I would say I’ve been diligently keeping the coals warm in Guild Wars 2. Every Sunday is guild missions, every day at some point (before work or post-kids) I do the daily, and then I dally here and there. Silverwastes farming is a decent go to since I can still gamble for the bee jewel. Recently, I’ve decided to slowly get actual alt’s to 80.
It might surprise many that I only have on alt. I have many tools, but I don’t really care about them beyond their function. I don’t play them with the joy of them being a “character”. I just started three more alts, and I plan on enjoying when I play them. This might be a rare thing, rarer after the expansion launches.
Over the course of the year I have stockpiled a bit, splurged a bit, and kind of kept a wary eye on the horizon.

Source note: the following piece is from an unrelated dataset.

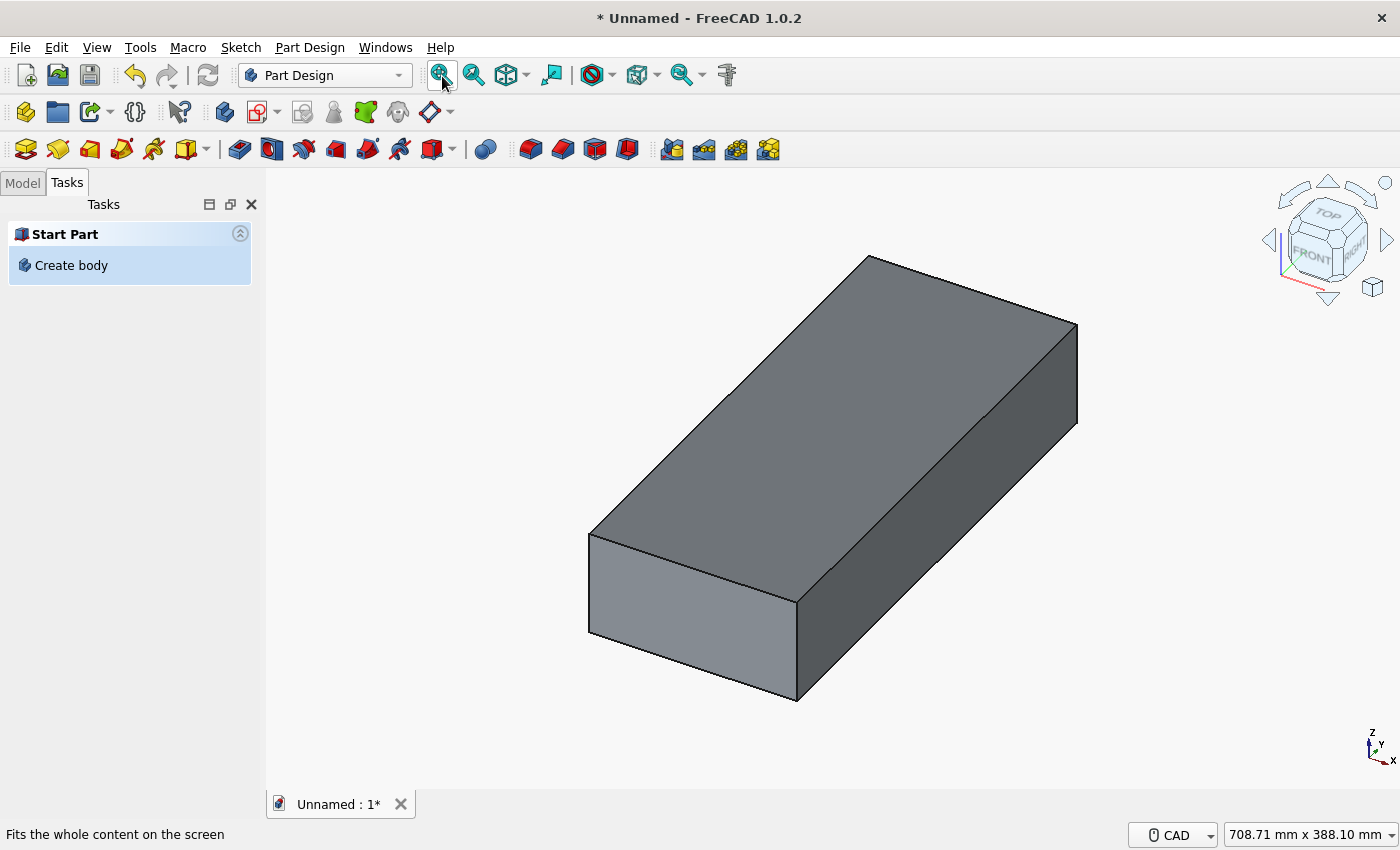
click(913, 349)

Sometimes there is not else to do but wait.
Yet, the waiting has a comfortable energy of goals long in the fire. Of having completed what I’ve wanted to. Next weekend will be one of a fury and fervor. Already, I feel there is too much coming.
Will I explore the new WvW map? Work on finally getting a legendary? What about the Heart of Thorns maps and that content? Stronghold PvP where Mrs. Ravious will surely be every day? What will my guild be doing? I don’t even want to think about raids and the time that will take away from everything else. Oh, and Halloween. Halloween is the worst and best of all because it is temporary.
Will I focus or dabble? I honestly don’t know. I do know that I don’t have time to do everything.
I will enjoy this last weekend of comfort and boredom. I will dally with my alts. I will complete the daily on the usual whim. This is the last time for that. Maybe months from now it will return. I tend to doubt it. If ArenaNet falls silent like they have this year after Heart of Thorns they will have wasted momentum. I expect them to ride this surge forward for a long time.
Enjoy this last weekend. Things are sure to change.